Dr Taheri, of the university's Henry Wellcome Institute, said parents need to impose stricter controls on their children's sleeping routines, which could include removing electronic gadgets from the bedroom.

He said "Sleep is probably not the only answer to the obesity pandemic, but its effect should be taken seriously, as even small changes in energy balance are beneficial."

One in four children aged 11-15 years is now obese - so fat it threatens their health - with almost half of girls officially classified as obese or overweight.

Writing in the Archives of Disease in Childhood, Dr Taheri said mounting evidence suggested lack of sleep was a plausible contributory factor to the rise in obesity among children, with effects that led to weight gain in later life.

Studies show sleep loss could disturb the production of hormones that control the desire for calorie-rich foods, hunger and energy expenditure.

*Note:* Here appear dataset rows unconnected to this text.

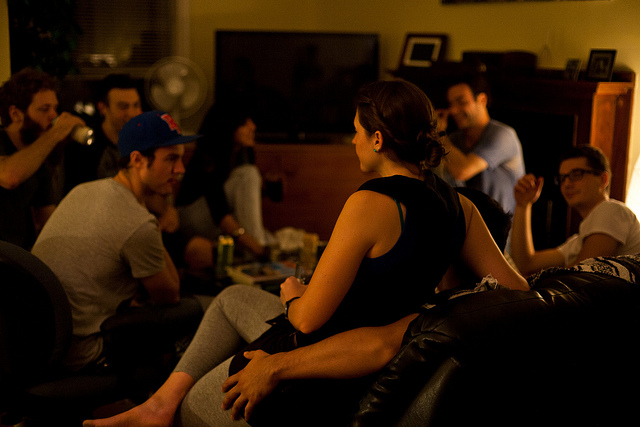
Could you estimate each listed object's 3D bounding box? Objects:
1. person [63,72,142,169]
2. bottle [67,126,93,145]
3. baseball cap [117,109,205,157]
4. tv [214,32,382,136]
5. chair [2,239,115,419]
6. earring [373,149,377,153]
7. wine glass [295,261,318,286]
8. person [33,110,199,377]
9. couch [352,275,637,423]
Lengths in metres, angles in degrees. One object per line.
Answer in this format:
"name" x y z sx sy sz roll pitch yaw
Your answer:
"person" -1.369 -0.580 3.600 0.715 0.711 0.336 -6 16 -44
"bottle" -1.417 -0.465 3.097 0.120 0.075 0.073 17 36 32
"baseball cap" -0.765 -0.409 2.530 0.429 0.189 0.278 -10 10 2
"tv" -0.251 -1.061 4.177 1.286 0.838 0.049 -1 11 -11
"chair" -1.222 0.505 2.539 0.657 0.805 0.599 2 2 -42
"earring" 0.186 -0.218 1.807 0.011 0.012 0.012 3 2 8
"wine glass" -0.049 0.249 2.130 0.082 0.093 0.080 -4 -5 45
"person" -0.950 0.209 2.627 0.836 1.415 0.541 0 20 -39
"couch" 0.599 0.254 1.678 0.803 0.570 0.439 -3 6 -22
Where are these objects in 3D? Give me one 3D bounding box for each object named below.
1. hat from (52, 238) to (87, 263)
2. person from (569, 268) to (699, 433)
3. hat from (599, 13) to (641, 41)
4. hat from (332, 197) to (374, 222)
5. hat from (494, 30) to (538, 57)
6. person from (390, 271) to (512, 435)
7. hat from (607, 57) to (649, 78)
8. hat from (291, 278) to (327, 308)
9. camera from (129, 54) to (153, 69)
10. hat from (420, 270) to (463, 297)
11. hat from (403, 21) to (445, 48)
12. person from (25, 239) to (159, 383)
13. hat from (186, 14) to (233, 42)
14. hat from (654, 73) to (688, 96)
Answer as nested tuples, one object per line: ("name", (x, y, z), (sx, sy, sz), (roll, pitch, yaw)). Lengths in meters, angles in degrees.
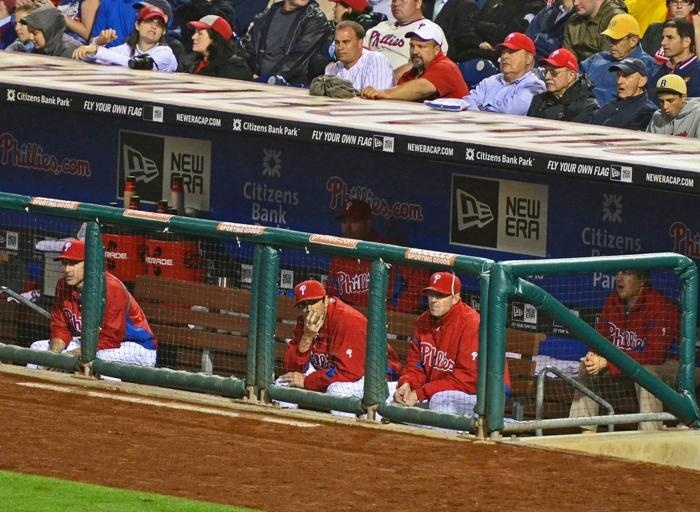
("hat", (-2.303, -0.035, 16.474), (0.162, 0.118, 0.220), (1, -1, 37))
("person", (2.171, 0.746, 15.762), (0.855, 1.274, 0.394), (2, -2, 3))
("hat", (2.562, -2.152, 18.999), (0.320, 0.169, 0.220), (0, 18, -5))
("hat", (0.025, -0.425, 18.482), (0.202, 0.134, 0.281), (0, -3, 41))
("hat", (1.629, -2.039, 19.382), (0.300, 0.142, 0.208), (4, 9, -12))
("person", (0.725, 0.700, 15.553), (1.156, 1.366, 0.948), (3, -7, -23))
("hat", (2.592, -1.733, 18.556), (0.297, 0.101, 0.184), (5, 3, -20))
("hat", (-0.338, 0.295, 15.841), (0.185, 0.123, 0.243), (-21, -4, 21))
("camera", (-2.175, -1.987, 20.599), (0.177, 0.085, 0.170), (-7, 12, -36))
("hat", (0.713, 0.220, 15.552), (0.236, 0.119, 0.171), (8, 0, -27))
("hat", (0.736, -2.102, 19.285), (0.354, 0.168, 0.239), (20, 1, -32))
("person", (-2.183, 0.492, 16.611), (1.063, 1.126, 0.767), (-7, 7, -35))
("hat", (-1.437, -2.284, 20.452), (0.384, 0.183, 0.257), (15, 11, -12))
("hat", (2.905, -1.543, 18.172), (0.263, 0.132, 0.178), (7, 3, -22))

For example, the level of ghrelin, a hormone released by the stomach to signal hunger, was found to be 15 per cent higher in people who have only five hours sleep a night than those getting eight hours.

Lack of sleep also leads to tiredness during the day, which may mean people may not have sufficient energy to do physical activity, a major contributor to obesity.

Dr Taheri said there was an emerging body of evidence that looked at the 'real life' effect of a fall in the nightly quote of sleep - rather than the extreme effects of sustained sleep deprivation.

The link between obesity and too little sleep appears to be particularly strong in children and young people, he added.

The Avon Longitudinal Study of Parents and Children in the UK found in the 1990s that insufficient sleep at 30 months predicted obesity at age seven, showing it could programme the part of the brain regulating appetite and energy expenditure.

Teenagers are also at risk because they need more sleep at a critical period of development.

Evidence shows that as little as two or three nights of sleep restriction could have a 'profound effect' on young adults, Dr Taheri said.

Good sleep could be promoted by removing televisions and other electronic items from children's bedrooms and ensuring a strict, regular bedtime routine, he said.

He said "Ensuring adequate sleep in children and adolescents may not only help fighting against obesity, but could have other added health and educational benefits - for example improvements in academic performance.

"An obesity prevention approach in children and adolescents that promotes a healthy diet, physical activity and adequate sleep could be adopted."